Finding Peace in the Midst of Holiday Chaos
5:30am is when I found my kids standing next to my bed rubbing the sleep from their little eyes. I knew I was supposed to be appreciating these moments as one day they would be off and on their own and I would miss it but most days, I would just wish they would sleep in for 30 more minutes because I was so tired. I knew that once my feet hit the floor, the day’s busyness would begin. Add the holiday stressfulness and it would send me straight in to feeling overwhelmed. I knew I had to do something different to survive because the holidays were not enjoyable for this tired, working mom.
Here are 5 changes I made that helped me get back to the joy of the season!
Zone decorating
I stopped pulling everything out the attic at one time and expecting everyone to participate in the “fun.” I organized my decorations into zones and only brought 1 or 2 boxes down a day that I could handle myself.
2. Family calendar
I started using the Cozi app for a family calendar and grocery list so that my husband (and eventually my children when they got phones) could see all events, add groceries to the list and they even had a place where the Christmas wish lists could be made. My family was responsible for adding their own events. My rule was “if it’s not on the calendar, it doesn’t exist.” It put a lot of the responsibilities on their plate. I didn’t have to do it all!
3. Minimize time wasters
No matter how tired I was at night after kids’ soccer practice and late dinners, I made sure our evening routines were done before we went to bed. Keys, purse, backpacks, lunches were ready to go. Clothes were out the night before eliminating the “What am I going to wear?” time sucking thought process. I didn’t allow myself to get on social media because I knew it was a rabbit hole that I may not come out of until midnight. I became very picky about where I spent my time. I learned to say no because I also learned that time is precious.

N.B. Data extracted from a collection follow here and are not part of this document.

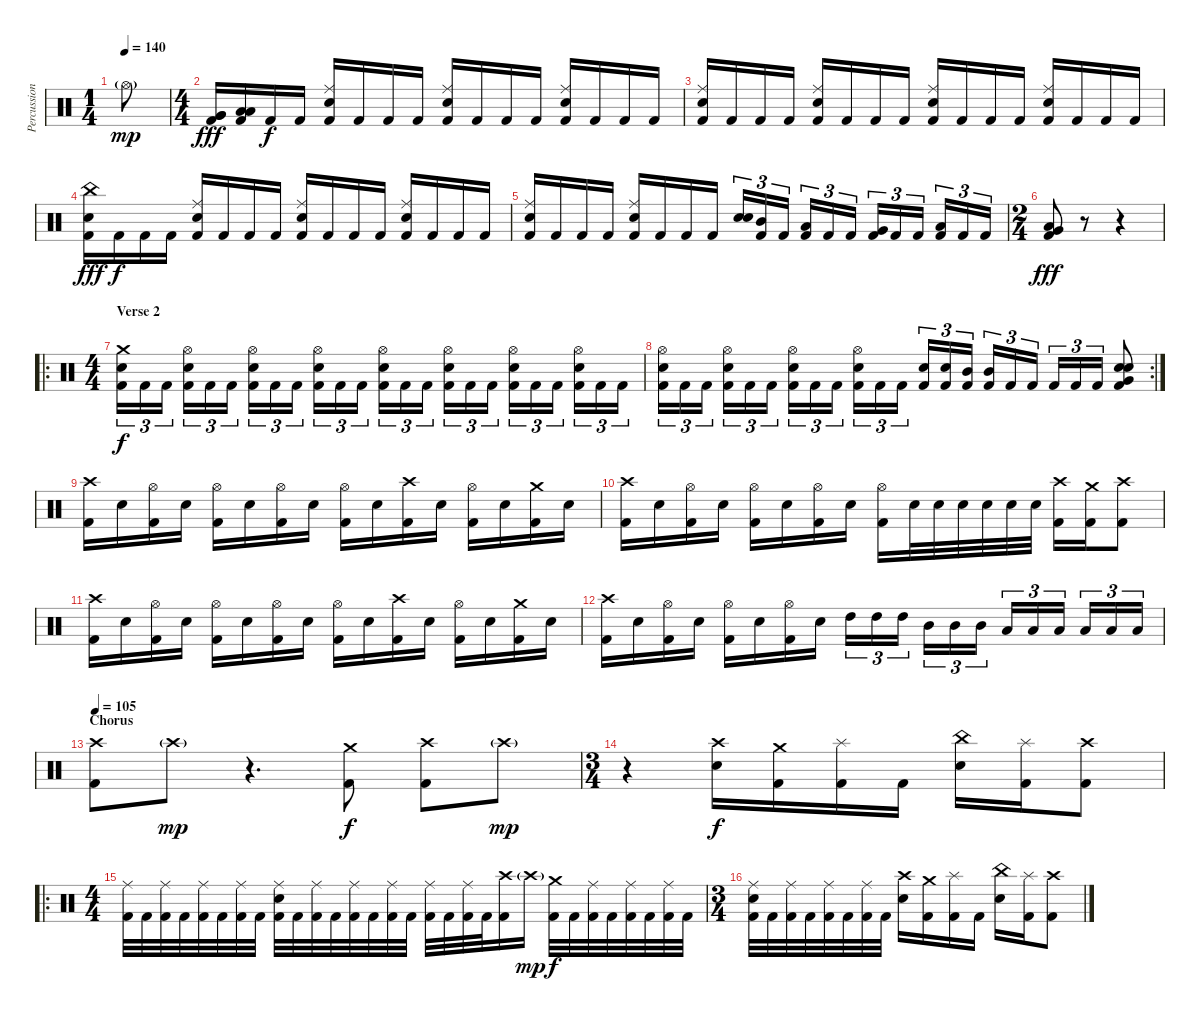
\track ("Percussioni" "Percussion") {instrument percussion}
\staff {score}
\articulation defaults
\ts (1 4)
\tempo 140
\clef neutral
\ks c "Hi-Hat (open)"{g}.8{dy mp volume 0}
|
\ts (4 4)
("Very Low Tom (hit)" "Very Low Tom (hit)" "Kick (hit) 2").16{dy fff volume 14} ("Low Floor Tom (hit)" "Low Floor Tom (hit)" "Kick (hit) 2").16 "Kick (hit) 2".16{dy f} "Kick (hit) 2".16 ("Ride (middle)" "Electric Snare (hit)" "Kick (hit) 2").16 "Kick (hit) 2".16 "Kick (hit) 2".16 "Kick (hit) 2".16 ("Ride (middle)" "Electric Snare (hit)" "Kick (hit) 2").16 "Kick (hit) 2".16 "Kick (hit) 2".16 "Kick (hit) 2".16 ("Ride (middle)" "Electric Snare (hit)" "Kick (hit) 2").16 "Kick (hit) 2".16 "Kick (hit) 2".16 "Kick (hit) 2".16 |
("Ride (middle)" "Electric Snare (hit)" "Kick (hit) 2").16 "Kick (hit) 2".16 "Kick (hit) 2".16 "Kick (hit) 2".16 ("Ride (middle)" "Electric Snare (hit)" "Kick (hit) 2").16 "Kick (hit) 2".16 "Kick (hit) 2".16 "Kick (hit) 2".16 ("Ride (middle)" "Electric Snare (hit)" "Kick (hit) 2").16 "Kick (hit) 2".16 "Kick (hit) 2".16 "Kick (hit) 2".16 ("Ride (middle)" "Electric Snare (hit)" "Kick (hit) 2").16 "Kick (hit) 2".16 "Kick (hit) 2".16 "Kick (hit) 2".16 |
("China (hit)" "Electric Snare (hit)" "Kick (hit) 2").16{dy fff} "Kick (hit) 2".16{dy f} "Kick (hit) 2".16 "Kick (hit) 2".16 ("Ride (middle)" "Electric Snare (hit)" "Kick (hit) 2").16 "Kick (hit) 2".16 "Kick (hit) 2".16 "Kick (hit) 2".16 ("Ride (middle)" "Electric Snare (hit)" "Kick (hit) 2").16 "Kick (hit) 2".16 "Kick (hit) 2".16 "Kick (hit) 2".16 ("Ride (middle)" "Electric Snare (hit)" "Kick (hit) 2").16 "Kick (hit) 2".16 "Kick (hit) 2".16 "Kick (hit) 2".16 |
("Ride (middle)" "Electric Snare (hit)" "Kick (hit) 2").16 "Kick (hit) 2".16 "Kick (hit) 2".16 "Kick (hit) 2".16 ("Ride (middle)" "Electric Snare (hit)" "Kick (hit) 2").16 "Kick (hit) 2".16 "Kick (hit) 2".16 "Kick (hit) 2".16 ("Electric Snare (hit)" "Electric Snare (hit)").16{tu (3 2)} ("Mid Tom (hit)" "Kick (hit) 2").16{tu (3 2)} "Kick (hit) 2".16{tu (3 2)} ("Low Tom (hit)" "Kick (hit) 2").16{tu (3 2)} "Kick (hit) 2".16{tu (3 2)} "Kick (hit) 2".16{tu (3 2)} ("Very Low Tom (hit)" "Kick (hit) 2").16{tu (3 2)} "Kick (hit) 2".16{tu (3 2)} "Kick (hit) 2".16{tu (3 2)} ("Low Floor Tom (hit)" "Kick (hit) 2").16{tu (3 2)} "Kick (hit) 2".16{tu (3 2)} "Kick (hit) 2".16{tu (3 2)} |
\ts (2 4)
("Very Low Tom (hit)" "Low Floor Tom (hit)" "Kick (hit) 2").8{dy fff} r.8 r.4 |
\ro
\ts (4 4)
\section ("" "Verse 2")
("Crash medium (hit)" "Electric Snare (hit)" "Kick (hit) 2").16{tu (3 2) dy f} "Kick (hit) 2".16{tu (3 2)} "Kick (hit) 2".16{tu (3 2)} ("Hi-Hat (open)" "Electric Snare (hit)" "Kick (hit) 2").16{tu (3 2)} "Kick (hit) 2".16{tu (3 2)} "Kick (hit) 2".16{tu (3 2)} ("Hi-Hat (open)" "Electric Snare (hit)" "Kick (hit) 2").16{tu (3 2)} "Kick (hit) 2".16{tu (3 2)} "Kick (hit) 2".16{tu (3 2)} ("Hi-Hat (open)" "Electric Snare (hit)" "Kick (hit) 2").16{tu (3 2)} "Kick (hit) 2".16{tu (3 2)} "Kick (hit) 2".16{tu (3 2)} ("Hi-Hat (open)" "Electric Snare (hit)" "Kick (hit) 2").16{tu (3 2)} "Kick (hit) 2".16{tu (3 2)} "Kick (hit) 2".16{tu (3 2)} ("Hi-Hat (open)" "Electric Snare (hit)" "Kick (hit) 2").16{tu (3 2)} "Kick (hit) 2".16{tu (3 2)} "Kick (hit) 2".16{tu (3 2)} ("Hi-Hat (open)" "Electric Snare (hit)" "Kick (hit) 2").16{tu (3 2)} "Kick (hit) 2".16{tu (3 2)} "Kick (hit) 2".16{tu (3 2)} ("Hi-Hat (open)" "Electric Snare (hit)" "Kick (hit) 2").16{tu (3 2)} "Kick (hit) 2".16{tu (3 2)} "Kick (hit) 2".16{tu (3 2)} |
\rc 2
("Hi-Hat (open)" "Electric Snare (hit)" "Kick (hit) 2").16{tu (3 2)} "Kick (hit) 2".16{tu (3 2)} "Kick (hit) 2".16{tu (3 2)} ("Hi-Hat (open)" "Electric Snare (hit)" "Kick (hit) 2").16{tu (3 2)} "Kick (hit) 2".16{tu (3 2)} "Kick (hit) 2".16{tu (3 2)} ("Hi-Hat (open)" "Electric Snare (hit)" "Kick (hit) 2").16{tu (3 2)} "Kick (hit) 2".16{tu (3 2)} "Kick (hit) 2".16{tu (3 2)} ("Hi-Hat (open)" "Electric Snare (hit)" "Kick (hit) 2").16{tu (3 2)} "Kick (hit) 2".16{tu (3 2)} "Kick (hit) 2".16{tu (3 2)} ("Electric Snare (hit)" "Kick (hit) 2").16{tu (3 2)} ("Electric Snare (hit)" "Kick (hit) 2").16{tu (3 2)} ("Mid Tom (hit)" "Kick (hit) 2").16{tu (3 2)} ("Mid Tom (hit)" "Kick (hit) 2").16{tu (3 2)} "Kick (hit) 2".16{tu (3 2)} "Kick (hit) 2".16{tu (3 2)} "Kick (hit) 2".16{tu (3 2)} "Kick (hit) 2".16{tu (3 2)} "Kick (hit) 2".16{tu (3 2)} ("Electric Snare (hit)" "Electric Snare (hit)" "Very Low Tom (hit)" "Kick (hit) 2").8 |
("Crash high (hit)" "Kick (hit) 2").16 "Electric Snare (hit)".16 ("Hi-Hat (open)" "Kick (hit) 2").16 "Electric Snare (hit)".16 ("Hi-Hat (open)" "Kick (hit) 2").16 "Electric Snare (hit)".16 ("Hi-Hat (open)" "Kick (hit) 2").16 "Electric Snare (hit)".16 ("Hi-Hat (open)" "Kick (hit) 2").16 "Electric Snare (hit)".16 ("Crash high (hit)" "Kick (hit) 2").16 "Electric Snare (hit)".16 ("Hi-Hat (open)" "Kick (hit) 2").16 "Electric Snare (hit)".16 ("Crash medium (hit)" "Kick (hit) 2").16 "Electric Snare (hit)".16 |
("Crash high (hit)" "Kick (hit) 2").16 "Electric Snare (hit)".16 ("Hi-Hat (open)" "Kick (hit) 2").16 "Electric Snare (hit)".16 ("Hi-Hat (open)" "Kick (hit) 2").16 "Electric Snare (hit)".16 ("Hi-Hat (open)" "Kick (hit) 2").16 "Electric Snare (hit)".16 ("Hi-Hat (open)" "Kick (hit) 2").16 "Electric Snare (hit)".32 "Electric Snare (hit)".32 "Electric Snare (hit)".32 "Electric Snare (hit)".32 "Electric Snare (hit)".32 "Electric Snare (hit)".32 ("Crash high (hit)" "Kick (hit) 2").16 ("Crash medium (hit)" "Kick (hit) 2").16 ("Crash high (hit)" "Kick (hit) 2").8 |
("Crash high (hit)" "Kick (hit) 2").16 "Electric Snare (hit)".16 ("Hi-Hat (open)" "Kick (hit) 2").16 "Electric Snare (hit)".16 ("Hi-Hat (open)" "Kick (hit) 2").16 "Electric Snare (hit)".16 ("Hi-Hat (open)" "Kick (hit) 2").16 "Electric Snare (hit)".16 ("Hi-Hat (open)" "Kick (hit) 2").16 "Electric Snare (hit)".16 ("Crash high (hit)" "Kick (hit) 2").16 "Electric Snare (hit)".16 ("Hi-Hat (open)" "Kick (hit) 2").16 "Electric Snare (hit)".16 ("Crash medium (hit)" "Kick (hit) 2").16 "Electric Snare (hit)".16 |
("Crash high (hit)" "Kick (hit) 2").16 "Electric Snare (hit)".16 ("Hi-Hat (open)" "Kick (hit) 2").16 "Electric Snare (hit)".16 ("Hi-Hat (open)" "Kick (hit) 2").16 "Electric Snare (hit)".16 ("Hi-Hat (open)" "Kick (hit) 2").16 "Electric Snare (hit)".16 "High Tom (hit)".16{tu (3 2)} "High Tom (hit)".16{tu (3 2)} "High Tom (hit)".16{tu (3 2)} "Mid Tom (hit)".16{tu (3 2)} "Mid Tom (hit)".16{tu (3 2)} "Mid Tom (hit)".16{tu (3 2)} "Low Tom (hit)".16{tu (3 2)} "Low Tom (hit)".16{tu (3 2)} "Low Tom (hit)".16{tu (3 2)} "Low Floor Tom (hit)".16{tu (3 2)} "Low Floor Tom (hit)".16{tu (3 2)} "Low Floor Tom (hit)".16{tu (3 2)} |
\section ("" "Chorus")
\tempo 105
("Crash high (hit)" "Kick (hit) 2").8 "Crash high (hit)"{g}.8{dy mp volume 0} r.4{d} ("Crash medium (hit)" "Kick (hit) 2").8{dy f volume 14} ("Crash high (hit)" "Kick (hit) 2").8 "Crash high (hit)"{g}.8{dy mp volume 0} |
\ts (3 4)
r.4 ("Crash high (hit)" "Electric Snare (hit)").16{dy f volume 14} ("Crash medium (hit)" "Kick (hit) 2").16 ("Splash (hit)" "Kick (hit) 2").16 "Kick (hit) 2".16 ("China (hit)" "Electric Snare (hit)").16 ("Splash (hit)" "Kick (hit) 2").16 ("Crash high (hit)" "Kick (hit) 2").8 |
\ro
\ts (4 4)
("Ride (middle)" "Kick (hit) 2").32 "Kick (hit) 2".32 ("Ride (middle)" "Kick (hit) 2").32 "Kick (hit) 2".32 ("Ride (middle)" "Kick (hit) 2").32 "Kick (hit) 2".32 ("Ride (middle)" "Kick (hit) 2").32 "Kick (hit) 2".32 ("Ride (middle)" "Electric Snare (hit)" "Kick (hit) 2").32 "Kick (hit) 2".32 ("Ride (middle)" "Kick (hit) 2").32 "Kick (hit) 2".32 ("Ride (middle)" "Kick (hit) 2").32 "Kick (hit) 2".32 ("Ride (middle)" "Kick (hit) 2").32 "Kick (hit) 2".32 ("Ride (middle)" "Kick (hit) 2").32 "Kick (hit) 2".32 ("Ride (middle)" "Kick (hit) 2").32 "Kick (hit) 2".32 ("Crash high (hit)" "Kick (hit) 2").16 "Crash high (hit)"{g}.16{dy mp volume 0} ("Crash medium (hit)" "Kick (hit) 2").32{dy f volume 14} "Kick (hit) 2".32 ("Ride (middle)" "Kick (hit) 2").32 "Kick (hit) 2".32 ("Ride (middle)" "Kick (hit) 2").32 "Kick (hit) 2".32 ("Ride (middle)" "Kick (hit) 2").32 "Kick (hit) 2".32 |
\ts (3 4)
("Ride (middle)" "Electric Snare (hit)" "Kick (hit) 2").32 "Kick (hit) 2".32 ("Ride (middle)" "Kick (hit) 2").32 "Kick (hit) 2".32 ("Ride (middle)" "Kick (hit) 2").32 "Kick (hit) 2".32 ("Ride (middle)" "Kick (hit) 2").32 "Kick (hit) 2".32 ("Crash high (hit)" "Electric Snare (hit)").16 ("Crash medium (hit)" "Kick (hit) 2").16 ("Splash (hit)" "Kick (hit) 2").16 "Kick (hit) 2".16 ("China (hit)" "Electric Snare (hit)").16 ("Splash (hit)" "Kick (hit) 2").16 ("Crash high (hit)" "Kick (hit) 2").8

4. Minimize the number of toys children have access to
Let’s be honest, kids will not clean up after themselves unless you make them. I don’t care how organized your playroom is, they hate cleaning up and just won’t do it on their own. When toys were left out, I quickly apologized to my child for trusting them with a toy that they obviously were too young to handle because it wasn’t cleaned up and put away. (A technique I learned from the book Love and Logic-best parenting book out there in my opinion.) That toy was put on a high shelf, and they quickly realized the consequences of not putting away their things.
5. Learn to be still
This is a really hard one for me because I am an Enneagram 7-the adventurer! I don’t do still! But I did. I carved out time for the kids and I to have hot chocolate and watch Christmas movies 1 or 2 times a week. I made plans for dad to take the kids to do things so I could get presents bought and wrapped. (The holiday season also coincides with hunting season so we Southern hunting wives have a whole different holiday battle happening!) I delegated the online Christmas shopping to be done by my husband (yes, I sent him the list!) I also carved in time that I could catch my breath with a walk, a bath, or an activity that was sans kids. It’s not selfish, it’s self-care.
Being organized was extremely helpful overall because it allowed my family to know where groceries went when they came inside. They knew where items coming out of the dishwasher went in the cabinet or drawer. With everything having a home, the piles on the counter could be delegated and put away by each member of our family. It wasn’t all on my shoulders. Being organized helped me find peace in the holiday. I hope these tips help you find some too.